■ Action item ■
Return all lines from the listing below that include the word "down".

(Beginning of Exercise material)

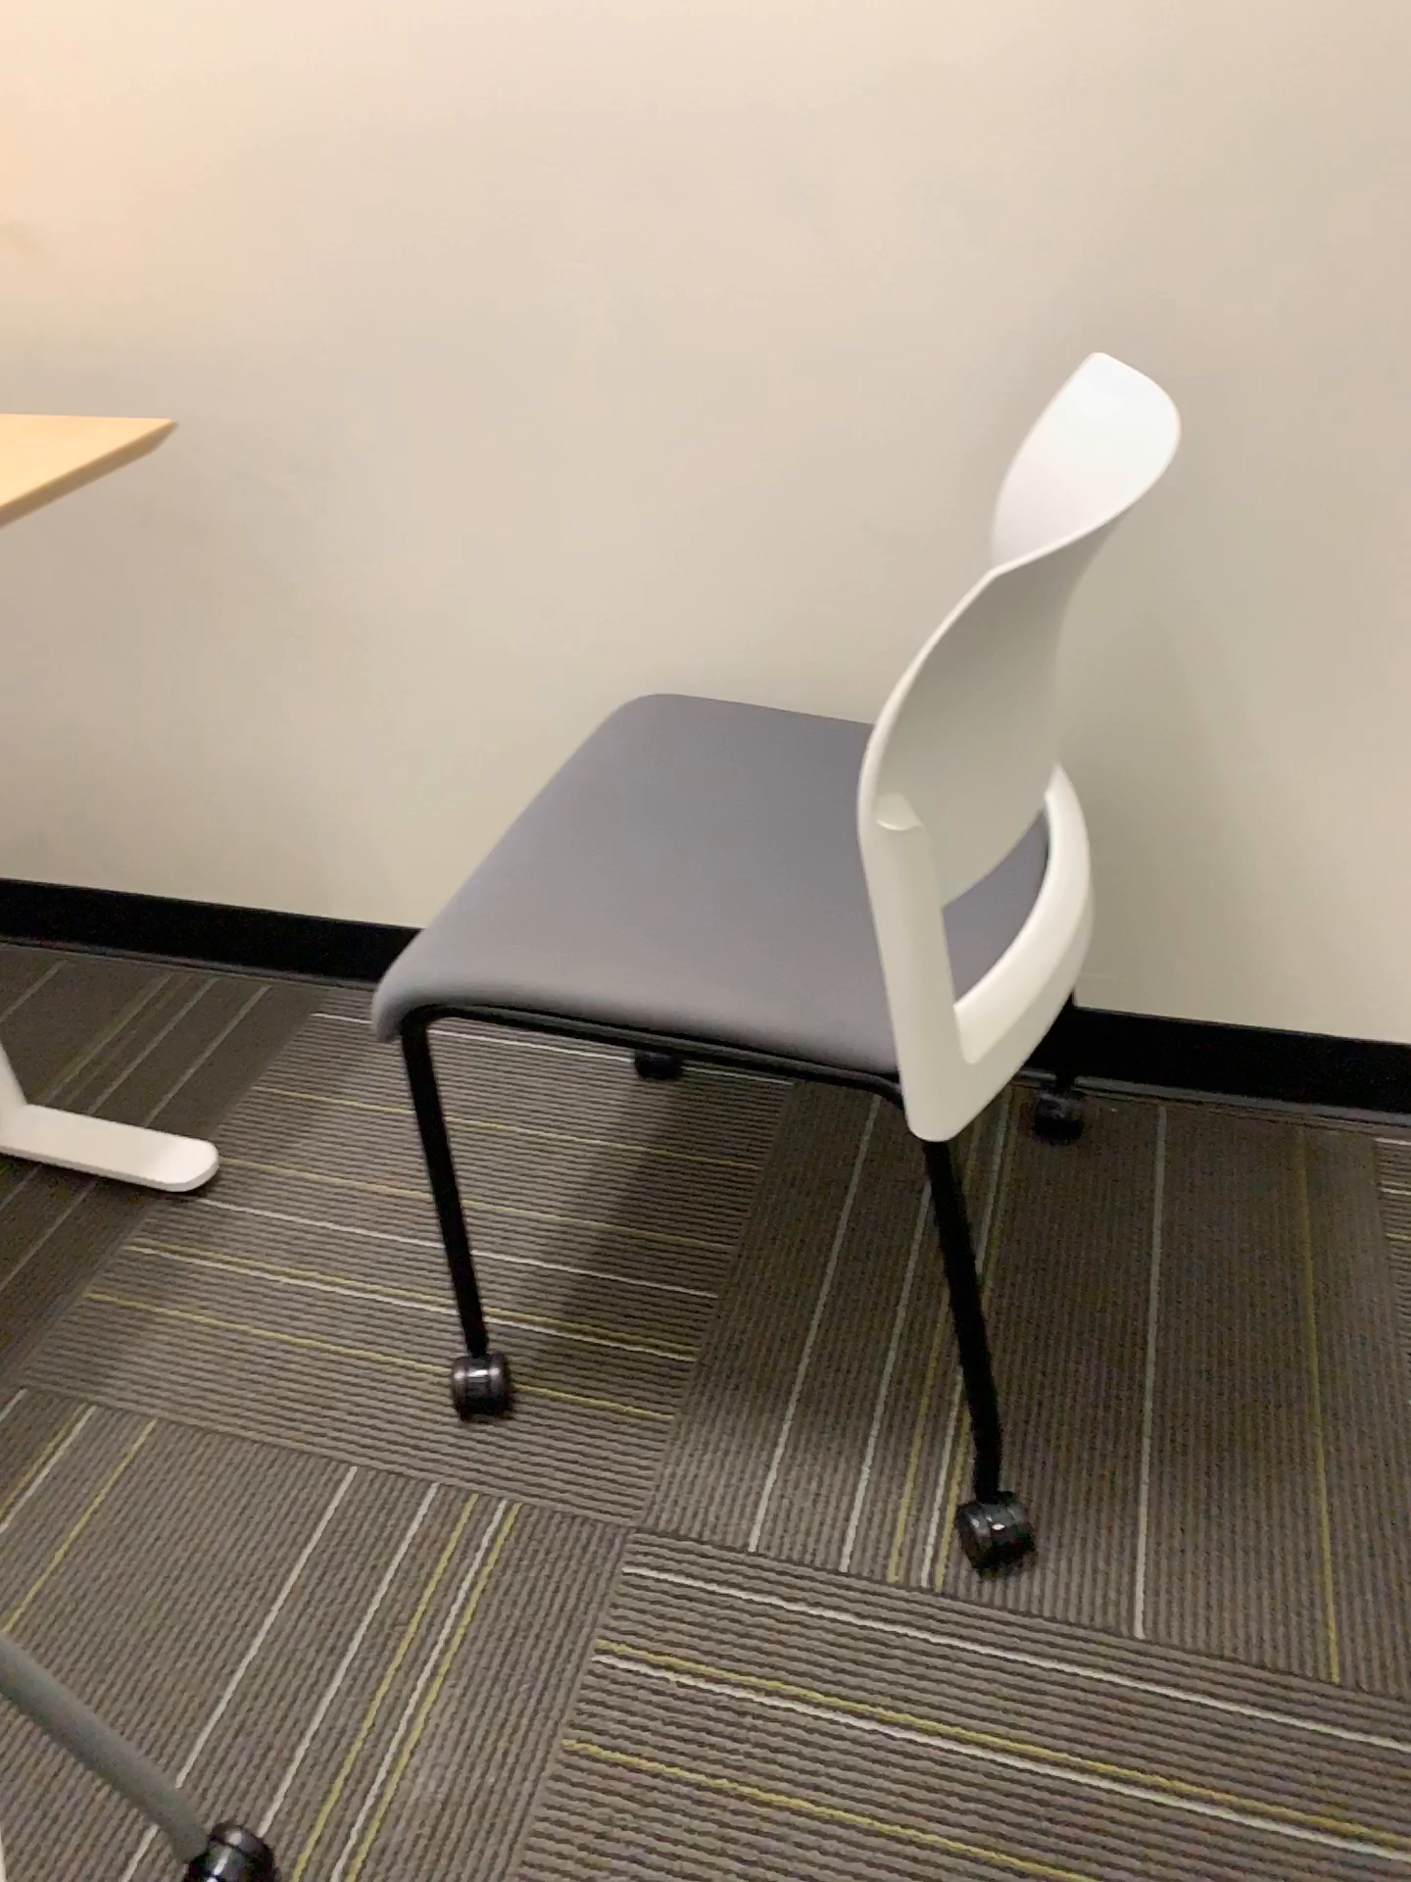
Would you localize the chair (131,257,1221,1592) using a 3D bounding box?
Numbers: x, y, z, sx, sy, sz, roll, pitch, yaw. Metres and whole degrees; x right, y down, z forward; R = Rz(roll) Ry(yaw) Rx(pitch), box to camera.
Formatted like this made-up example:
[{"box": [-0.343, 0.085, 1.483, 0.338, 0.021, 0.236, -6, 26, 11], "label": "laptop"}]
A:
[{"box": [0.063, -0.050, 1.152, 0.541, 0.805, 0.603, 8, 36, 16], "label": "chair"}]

(End of Exercise material)
(Beginning of Exercise material)

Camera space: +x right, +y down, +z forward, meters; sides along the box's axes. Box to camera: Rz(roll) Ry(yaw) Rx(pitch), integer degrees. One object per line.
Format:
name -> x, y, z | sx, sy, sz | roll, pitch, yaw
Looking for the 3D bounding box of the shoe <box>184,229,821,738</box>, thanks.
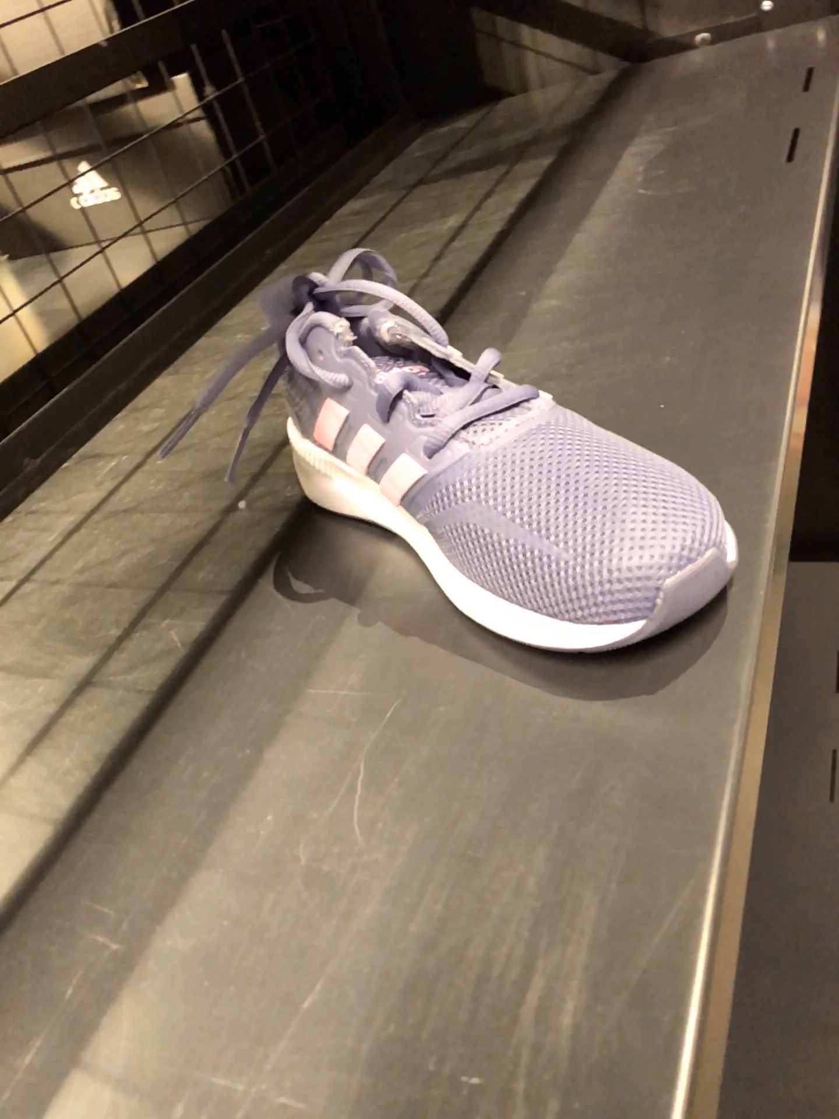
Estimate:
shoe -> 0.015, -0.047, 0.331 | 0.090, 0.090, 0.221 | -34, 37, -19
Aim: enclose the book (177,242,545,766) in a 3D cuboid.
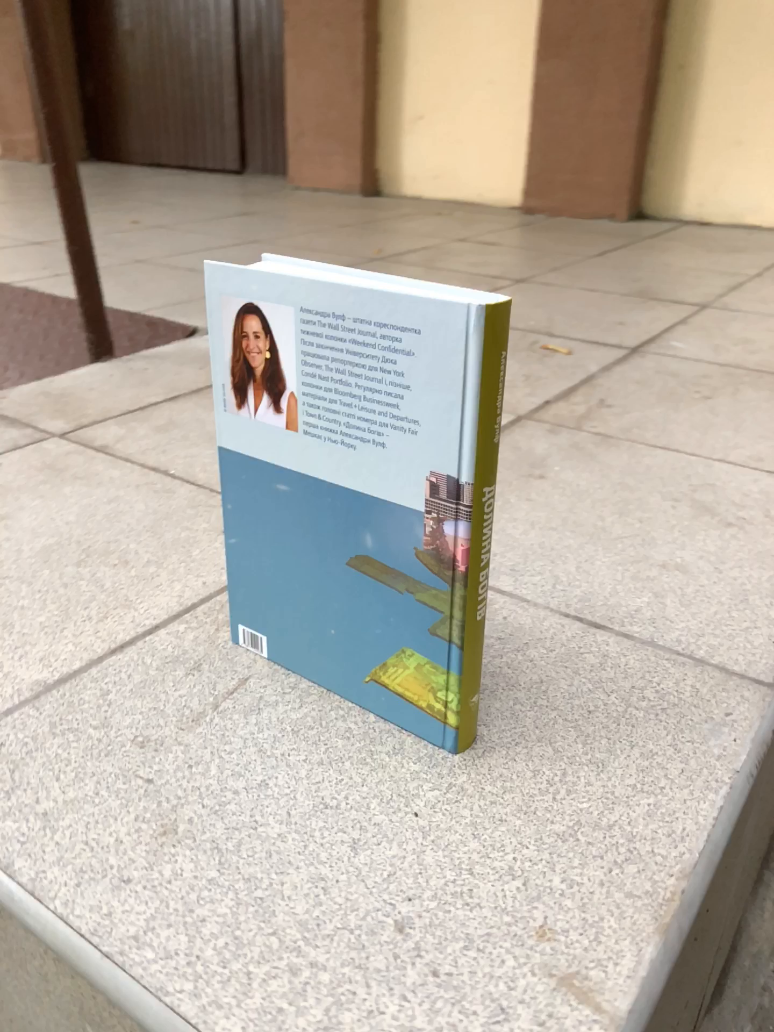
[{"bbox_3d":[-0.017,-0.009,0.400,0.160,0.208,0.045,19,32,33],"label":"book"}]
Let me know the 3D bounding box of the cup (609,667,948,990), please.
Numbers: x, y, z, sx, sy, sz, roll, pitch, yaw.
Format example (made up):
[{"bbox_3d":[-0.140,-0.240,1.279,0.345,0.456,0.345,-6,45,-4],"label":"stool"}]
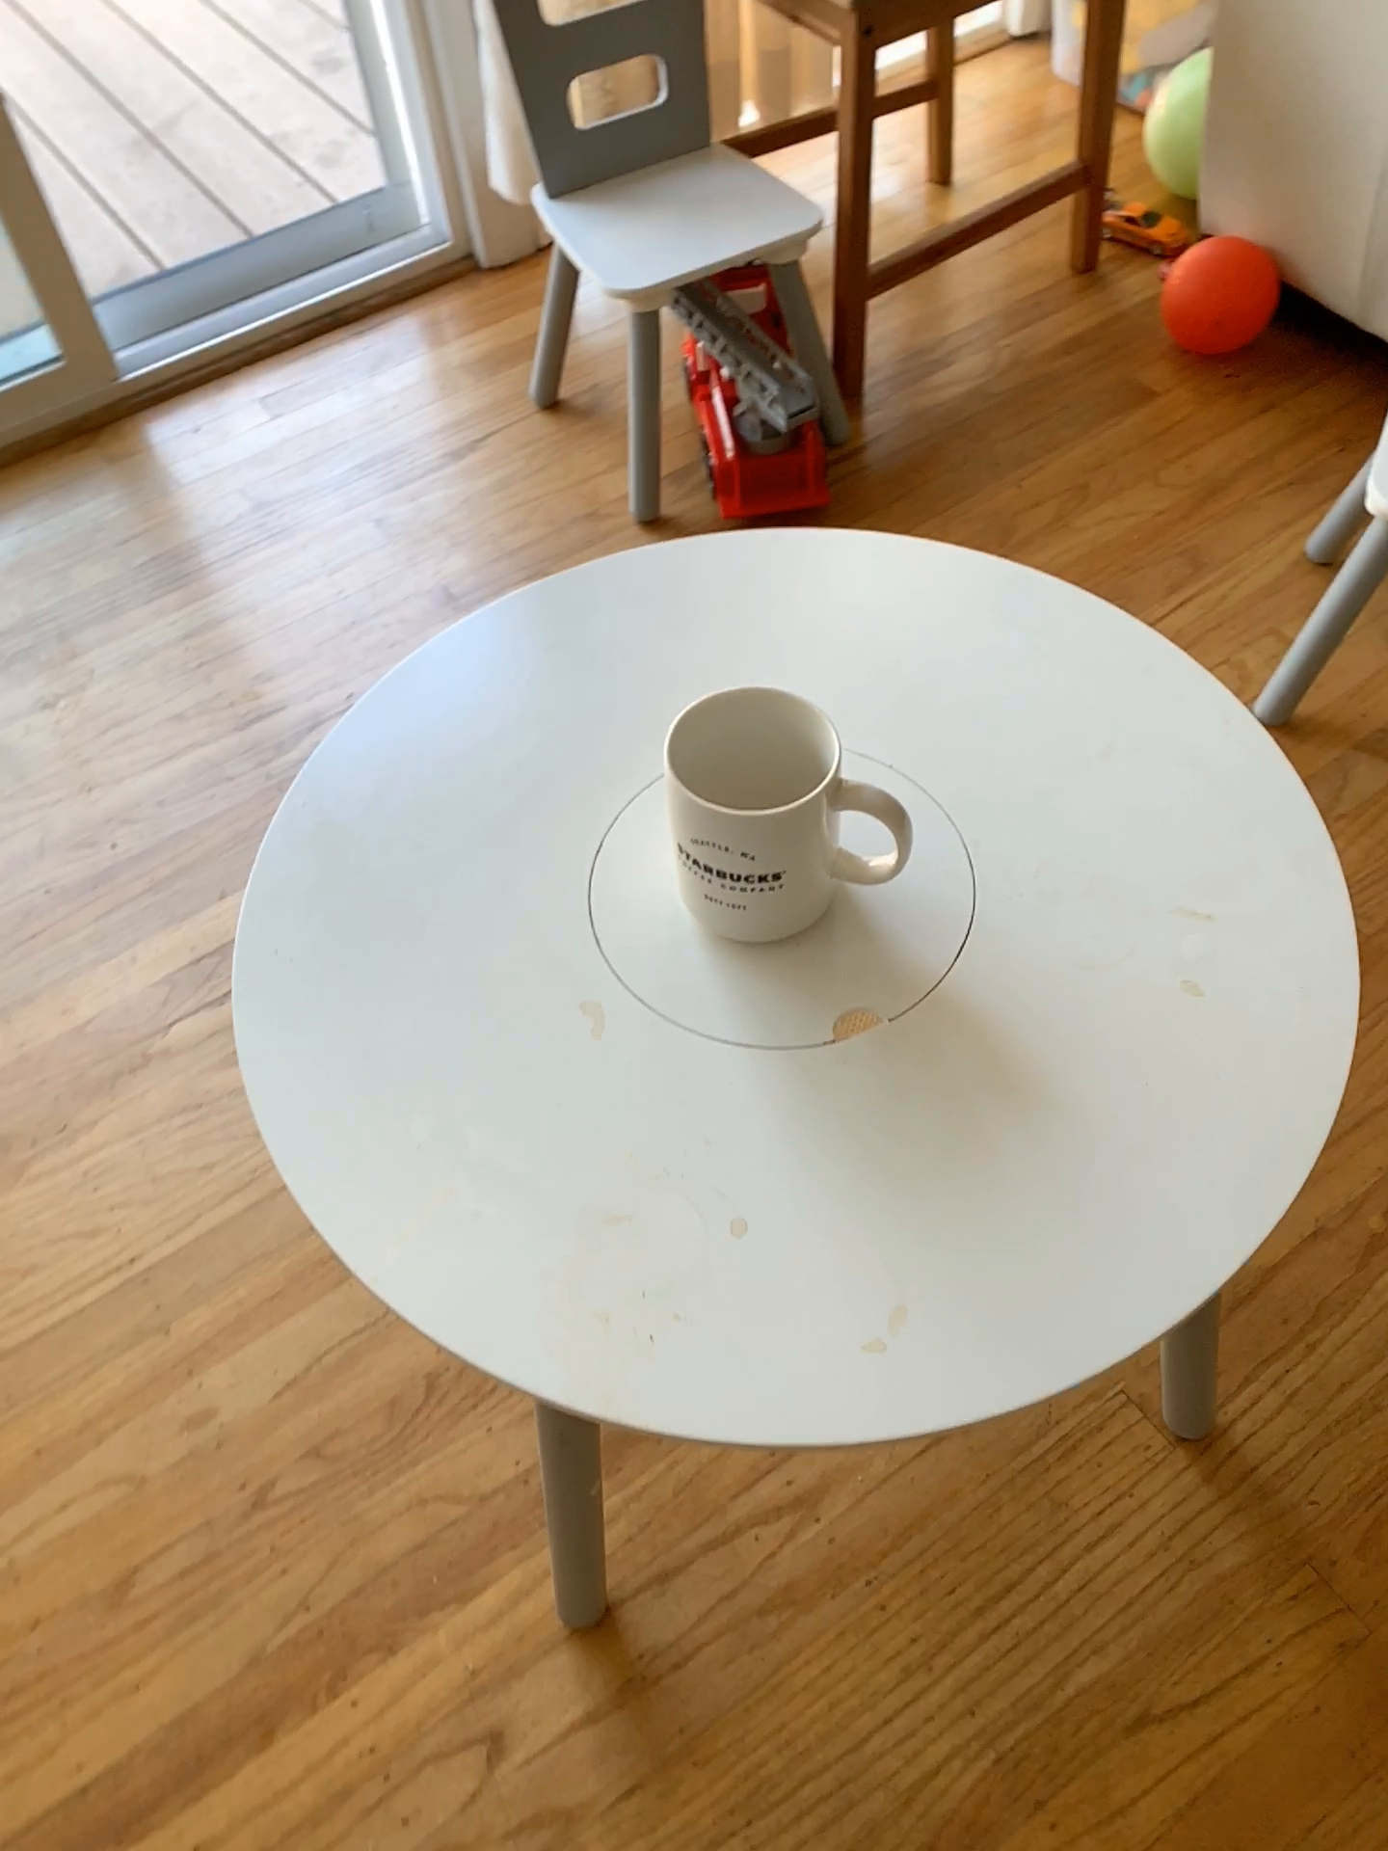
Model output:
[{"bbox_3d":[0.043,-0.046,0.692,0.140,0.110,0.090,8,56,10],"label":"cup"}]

(End of Exercise material)

■ Task solution ■
Numbers: x, y, z, sx, sy, sz, roll, pitch, yaw. Metres and whole degrees; x right, y down, z forward; R = Rz(roll) Ry(yaw) Rx(pitch), box to camera.
Camera space: +x right, +y down, +z forward, meters; sides along the box's axes. Box to camera: Rz(roll) Ry(yaw) Rx(pitch), integer degrees. One object per line.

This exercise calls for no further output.